AccueilFAQRechercherMembresS'enregistrerConnexion

Partagez | .
 

 Les Contes de L'Onmyoji [An 37]

Voir le sujet précédent Voir le sujet suivant Aller en bas 
Noraneko Satomi

avatar

Non Joueur

Messages : 76
Date d'inscription : 22/07/2017
Age : 27

Feuille personnage
Age: 18 ans
Titre: Miko d'Eiichiro
Liens:

MessageSujet: Les Contes de L'Onmyoji [An 37] 11/5/2017, 20:58

3e jour du mois du Lièvre, An 37 - Heure du Singe

La fin de journée printanière était vraiment exquise. Revenant d'une première mission avec un groupe de Miko, j'étais fatiguée mais heureuse d'avoir pu enfin voir le monde extérieur. Depuis les 7 ans que j'étais au temple à présent, j'avais pus participer pour la première fois à une mission extérieure avec d'autres prêtres et Miko. Ce n'était rien de très important, un simple office de purification près d'un temple à la demande d'un noble de la région autour de Meisou. Mais pour mes 14 ans, c'était déjà un grand pas en avant ! Que j'en avais entendu des histoires sur les youkaï diaboliques, les vils esprits qui mettaient miasmes et chaos partout sur leur passage. Ma mission avait été empreinte d'imagination et d'héroïsme sur mon départ, mais le résultat m'avait remis les pieds sur terre. Rien de bien probant ni de grandes aventures. C'était en un sens une petite déception, une réalité qui remettait à niveau mes expectations romantiques de ma mission de Miko. Mais en cette fin de journée chaude, alors que nous faisions une halte dans une petite taverne en buvant du thé dehors, on ne pouvait pas dire que j'avais tout râté.

L'air des plaines, le souffle d'un vent apportant des effluves différentes. Rencontrer différentes personnes, se confronter au monde réel. Plutôt sage et discrète, j'étais restée en retrait tout du long et avait simplement observé. Mais j'avais beaucoup appris, de même que je m'étais rendue compte que mon apparence ne laissait pas indifférent les passants. Chose étrange de se rendre compte de ces faits à cet âge, surtout quand on a l'habitude de toujours cotoyer les mêmes personnes. Je n'avais jamais pu vraiment comprendre l'impact que ma simple présence, de paroles douce et un simple sourire pouvait faire. Je me demandais même si les prêtres et Miko ne m'avaient tout simplement amené que pour faire joli dans le décor et "apaiser" comme ils disent l'esprit par les yeux. Même dans cette taverne, je ne pouvais ignorer le regard de certaines personnes. Je regardais les prêtres et les Miko discuter, de sujets qui m'intéressaient peu à vrai dire. Ennuyée et voulant continuer de voir un peu ce qu'il se passait autour de la taverne, je pris rapidement congé en promettant de ne pas aller loin. Mais ils n'eurent pas vraiment le temps de me dire oui ou non que j'étais déjà partie. Pas bien loin cependant.
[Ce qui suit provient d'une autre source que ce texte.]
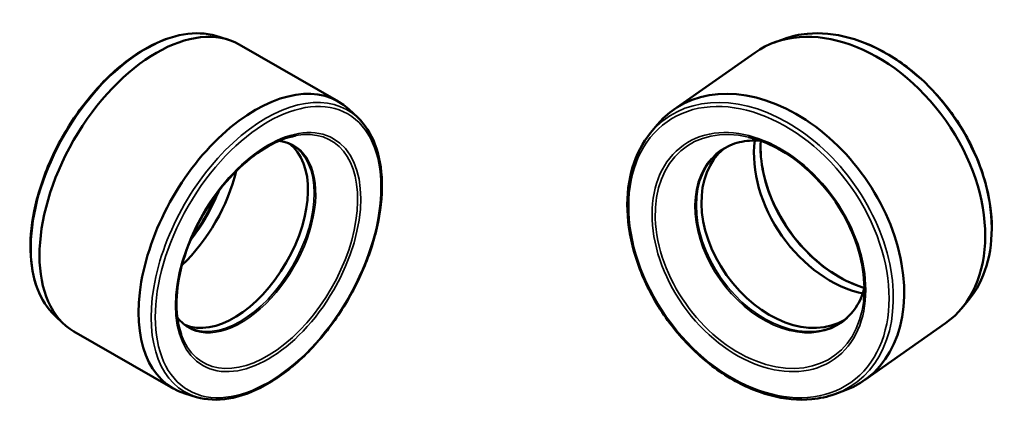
# Model space of a CAD drawing. Header units: millimetres. Extents: x -109 to 1357, y -160 to 971.
# Tile 5 of 5: x 688 to 1357, y 700 to 971. Entities that reach past the tile are written whole.
import ezdxf

# ---------------------------------------------------------------- set-up
doc = ezdxf.new("R2010")
doc.units = ezdxf.units.MM
doc.layers.add('Visible (ANSI)', color=7, linetype='Continuous', lineweight=50)
doc.layers.add('Visible Narrow (ANSI)', color=7, linetype='Continuous', lineweight=35)

msp = doc.modelspace()

# ---------------------------------------------------------------- linework, layer by layer
at = {"layer": 'Visible (ANSI)'}
for p, q in [((821.389, 959.817), (829.322, 957.426)), ((1207.579, 957.868), (1200.89, 955.443)), ((837.378, 953.957), (904.694, 915.192)), ((1187.425, 948.44), (1132.391, 909.675)), ((917.788, 904.305), (911.738, 909.966)), ((1116.727, 893.873), (1121.263, 899.355)), ((1332.658, 780.294), (1328.122, 774.813)), ((712.002, 769.863), (718.052, 764.202)), ((1316.994, 764.492), (1261.96, 725.727)), ((725.095, 758.976), (792.412, 720.211)), ((808.4, 714.35), (800.467, 716.742)), ((1241.806, 716.3), (1248.495, 718.725))]:
    msp.add_line(p, q, dxfattribs=at)
for centre, major_axis, ratio, start_param, end_param in [((781.237, 856.466), (-56.141, -97.491), 0.5780931, 3.1415927, 6.2831853), ((1252.21, 856.466), (-64.784, 91.974), 0.7071068, 3.1415927, 6.2831853), ((848.553, 817.701), (56.141, 97.491), 0.5780931, 6.1488265, 9.5591368), ((1197.175, 817.701), (64.784, -91.974), 0.7071068, 6.0929646, 9.6149987), ((833.633, 826.293), (-35.531, -61.701), 0.5780931, 0.0600107, 3.081582), ((1209.373, 826.293), (-41.001, 58.209), 0.7071068, 0.0421601, 3.0994326), ((1252.21, 856.466), (46.069, -65.404), 0.7071068, 3.7933984, 5.6313795), ((781.237, 856.466), (39.923, 69.327), 0.5780931, 4.2342358, 5.1905422)]:
    msp.add_ellipse(centre, major_axis=major_axis, ratio=ratio, start_param=start_param, end_param=end_param, dxfattribs=at)
for points, knots in [([(821.389, 959.817), (814.714, 961.829), (807.304, 962.163), (791.544, 959.52), (783.164, 956.438), (766.356, 947.134), (757.928, 940.878), (741.931, 925.862), (734.365, 917.107), (720.844, 897.991), (714.89, 887.636), (705.181, 866.355), (701.427, 855.432), (696.504, 834.092), (695.338, 823.678), (695.755, 804.394), (697.339, 795.524), (703.029, 780.672), (706.991, 774.551), (712.002, 769.863)], [4.0632833, 4.0632833, 4.0632833, 4.0632833, 4.3730327, 4.3730327, 4.6930656, 4.6930656, 5.0164773, 5.0164773, 5.339557, 5.339557, 5.6621624, 5.6621624, 5.9847697, 5.9847697, 6.3078529, 6.3078529, 6.6312623, 6.6312623, 6.9361584, 6.9361584, 6.9361584, 6.9361584]), ([(1332.658, 780.294), (1338.085, 786.852), (1342.222, 794.748), (1347.587, 812.508), (1348.774, 822.397), (1348.052, 843.155), (1346.12, 854.03), (1339.331, 875.63), (1334.47, 886.351), (1322.318, 906.553), (1315.03, 916.03), (1298.753, 932.788), (1289.768, 940.066), (1270.994, 951.678), (1261.207, 956.011), (1241.827, 961.259), (1232.233, 962.181), (1217.755, 960.815), (1212.51, 959.655), (1207.579, 957.868)], [1.761017, 1.761017, 1.761017, 1.761017, 2.0760035, 2.0760035, 2.3954974, 2.3954974, 2.7173977, 2.7173977, 3.0397545, 3.0397545, 3.3620828, 3.3620828, 3.6844278, 3.6844278, 4.0067295, 4.0067295, 4.328061, 4.328061, 4.5221683, 4.5221683, 4.5221683, 4.5221683]), ([(808.4, 714.35), (815.076, 712.338), (822.485, 712.005), (838.246, 714.648), (846.625, 717.729), (863.434, 727.033), (871.862, 733.289), (887.859, 748.305), (895.425, 757.061), (908.945, 776.177), (914.899, 786.531), (924.608, 807.813), (928.362, 818.735), (933.285, 840.076), (934.451, 850.489), (934.035, 869.774), (932.45, 878.643), (926.761, 893.495), (922.799, 899.616), (917.788, 904.305)], [0.9216907, 0.9216907, 0.9216907, 0.9216907, 1.2314401, 1.2314401, 1.551473, 1.551473, 1.8748847, 1.8748847, 2.1979643, 2.1979643, 2.5205698, 2.5205698, 2.8431771, 2.8431771, 3.1662602, 3.1662602, 3.4896697, 3.4896697, 3.7945657, 3.7945657, 3.7945657, 3.7945657]), ([(875.828, 892.045), (869.779, 890.911), (863.323, 888.446), (850.377, 881.068), (843.892, 876.185), (831.508, 864.46), (825.612, 857.617), (815.022, 842.654), (810.332, 834.535), (802.65, 817.862), (799.659, 809.311), (795.677, 792.672), (794.683, 784.587), (794.755, 769.724), (795.818, 762.949), (797.856, 757.043), (797.899, 756.919), (797.943, 756.796)], [4.3882373, 4.3882373, 4.3882373, 4.3882373, 4.7072285, 4.7072285, 5.0228402, 5.0228402, 5.339028, 5.339028, 5.6558087, 5.6558087, 5.9725941, 5.9725941, 6.288792, 6.288792, 6.6044021, 6.6044021, 6.6112044, 6.6112044, 6.6112044, 6.6112044]), ([(1116.727, 893.873), (1111.3, 887.316), (1107.163, 879.42), (1101.798, 861.659), (1100.611, 851.771), (1101.333, 831.012), (1103.265, 820.138), (1110.054, 798.538), (1114.915, 787.816), (1127.066, 767.614), (1134.355, 758.137), (1150.632, 741.38), (1159.617, 734.102), (1178.391, 722.49), (1188.178, 718.156), (1207.558, 712.909), (1217.152, 711.986), (1231.63, 713.353), (1236.875, 714.512), (1241.806, 716.3)], [4.9026097, 4.9026097, 4.9026097, 4.9026097, 5.2175962, 5.2175962, 5.53709, 5.53709, 5.8589903, 5.8589903, 6.1813471, 6.1813471, 6.5036755, 6.5036755, 6.8260204, 6.8260204, 7.1483222, 7.1483222, 7.4696537, 7.4696537, 7.6637609, 7.6637609, 7.6637609, 7.6637609]), ([(1261.505, 779.951), (1262.334, 787.54), (1261.974, 795.733), (1258.883, 812.446), (1256.161, 820.961), (1248.623, 837.469), (1243.808, 845.459), (1232.573, 860.097), (1226.154, 866.744), (1212.374, 878.016), (1205.016, 882.641), (1192.813, 888.194), (1188.02, 889.857), (1183.295, 890.986)], [2.2468987, 2.2468987, 2.2468987, 2.2468987, 2.5653335, 2.5653335, 2.8824487, 2.8824487, 3.1995056, 3.1995056, 3.5166029, 3.5166029, 3.8336369, 3.8336369, 4.0362866, 4.0362866, 4.0362866, 4.0362866]), ([(873.374, 885.569), (872.351, 886.159), (871.281, 886.667), (869.05, 887.518), (867.889, 887.861), (865.934, 888.281), (865.165, 888.409), (864.38, 888.504)], [3.92892453, 3.92892453, 3.92892453, 3.92892453, 4.02078708, 4.02078708, 4.11264964, 4.11264964, 4.17005946, 4.17005946, 4.17005946, 4.17005946]), ([(1191.589, 888.481), (1191.503, 888.489), (1191.417, 888.497), (1188.822, 888.732), (1186.363, 888.764), (1181.588, 888.44), (1179.273, 888.084), (1174.826, 886.995), (1172.694, 886.263), (1168.644, 884.437), (1166.726, 883.343), (1164.93, 882.078)], [4.16687908, 4.16687908, 4.16687908, 4.16687908, 4.17150707, 4.17150707, 4.30672755, 4.30672755, 4.44194803, 4.44194803, 4.5771685, 4.5771685, 4.71238898, 4.71238898, 4.71238898, 4.71238898]), ([(1261.918, 788.521), (1259.593, 789.217), (1257.259, 790.047), (1247.879, 793.903), (1240.862, 797.991), (1227.633, 808.141), (1221.423, 814.199), (1210.438, 827.679), (1205.666, 835.099), (1198.048, 850.54), (1195.203, 858.558), (1191.793, 874.029), (1191.135, 881.487), (1191.503, 888.489)], [5.4450757, 5.4450757, 5.4450757, 5.4450757, 5.5500267, 5.5500267, 5.8673528, 5.8673528, 6.1842111, 6.1842111, 6.5011334, 6.5011334, 6.8180291, 6.8180291, 7.121295, 7.121295, 7.121295, 7.121295]), ([(822.441, 853.059), (821.78, 851.484), (821.086, 849.914), (816.712, 840.488), (812.264, 832.835), (806.465, 824.686), (805.671, 823.604), (804.865, 822.539)], [3.71072573, 3.71072573, 3.71072573, 3.71072573, 3.77359742, 3.77359742, 4.09020058, 4.09020058, 4.13938849, 4.13938849, 4.13938849, 4.13938849]), ([(1246.932, 765.659), (1248.729, 766.925), (1250.405, 768.362), (1253.488, 771.561), (1254.895, 773.322), (1257.418, 777.143), (1258.533, 779.202), (1260.446, 783.588), (1261.244, 785.915), (1261.896, 788.438), (1261.918, 788.521), (1261.939, 788.605)], [1.57079633, 1.57079633, 1.57079633, 1.57079633, 1.7060168, 1.7060168, 1.84123728, 1.84123728, 1.97645776, 1.97645776, 2.11167823, 2.11167823, 2.11630623, 2.11630623, 2.11630623, 2.11630623]), ([(795.259, 768.474), (795.735, 767.843), (796.232, 767.243), (797.577, 765.762), (798.456, 764.93), (800.312, 763.428), (801.289, 762.757), (802.312, 762.168)], [0.54619694, 0.54619694, 0.54619694, 0.54619694, 0.60360676, 0.60360676, 0.69546932, 0.69546932, 0.78733187, 0.78733187, 0.78733187, 0.78733187])]:
    msp.add_open_spline(points, degree=3, knots=knots, dxfattribs=at)
at = {"layer": 'Visible Narrow (ANSI)'}
for centre, major_axis, ratio, start_param, end_param in [((1258.03, 860.566), (-63.688, 90.418), 0.7071068, 3.3318134, 6.0929646), ((774.117, 860.566), (-55.191, -95.841), 0.5780931, 3.2759515, 6.1488265), ((855.672, 813.602), (55.191, 95.841), 0.5780931, 6.1488265, 9.5591368), ((1191.355, 813.602), (63.688, -90.418), 0.7071068, 6.0929646, 9.6149987), ((856.221, 813.286), (43.445, 75.444), 0.5780931, 2.6822799, 6.7424981), ((1190.907, 813.286), (50.134, -71.175), 0.7071068, 2.4654903, 6.9592877), ((1205.241, 823.383), (-41.199, 58.489), 0.7071068, 5.7362448, 9.9717185), ((838.687, 823.383), (-35.702, -61.998), 0.5780931, 6.034966, 9.6729973), ((837.843, 823.869), (35.531, 61.701), 0.5780931, 3.1415927, 6.2831853), ((1258.03, 860.566), (47.165, -66.96), 0.7071068, 3.8675179, 5.5572601), ((1205.931, 823.869), (41.001, -58.209), 0.7071068, 3.1415927, 6.2831853), ((774.117, 860.566), (40.873, 70.976), 0.5780931, 4.4662007, 4.9585773)]:
    msp.add_ellipse(centre, major_axis=major_axis, ratio=ratio, start_param=start_param, end_param=end_param, dxfattribs=at)
for centre, major_axis, ratio in [((856.968, 812.856), (-54.088, -93.925), 0.5780931), ((1190.296, 812.856), (62.415, -88.61), 0.7071068), ((856.968, 812.856), (-44.397, -77.097), 0.5780931), ((1190.296, 812.856), (51.232, -72.734), 0.7071068)]:
    msp.add_ellipse(centre, major_axis=major_axis, ratio=ratio, dxfattribs=at)

doc.saveas('drawing.dxf')

Je marchais tranquillement en suivant la route devant la taverne, qui descendait un peu de la colline. Je voyais sur le rebord, là où il y avait un puits non loin, un groupe de prêtres qui prenait un repos semble t'il. Mais je fus surtout frappé par une personne, une jeune femme qui était là avec eux. Je ne saurais dire pourquoi mais... elle n'avait rien de particulier physiquement, elle semblait tout à fait normale voir quelconque. Mes yeux cependant ne pouvaient se détacher de son matériel, qui me faisait penser à l'un des onmyoji que j'avais vu passer au temple il y a quelques mois. Je reconnus à cela son statut, et ma curiosité se vit accrue. Quelle autre chance dans ma vie pourrais je avoir que de pouvoir parler à un Onmyoji ? Peu passaient au temple de Meisou, et je n'en avais vu qu'un de loin. Je n'avais pu lui parler, car je n'étais pas à ma place en tant qu'apprentie Miko et n'avait pas à l'époque cette soif de savoir quant à cette profession.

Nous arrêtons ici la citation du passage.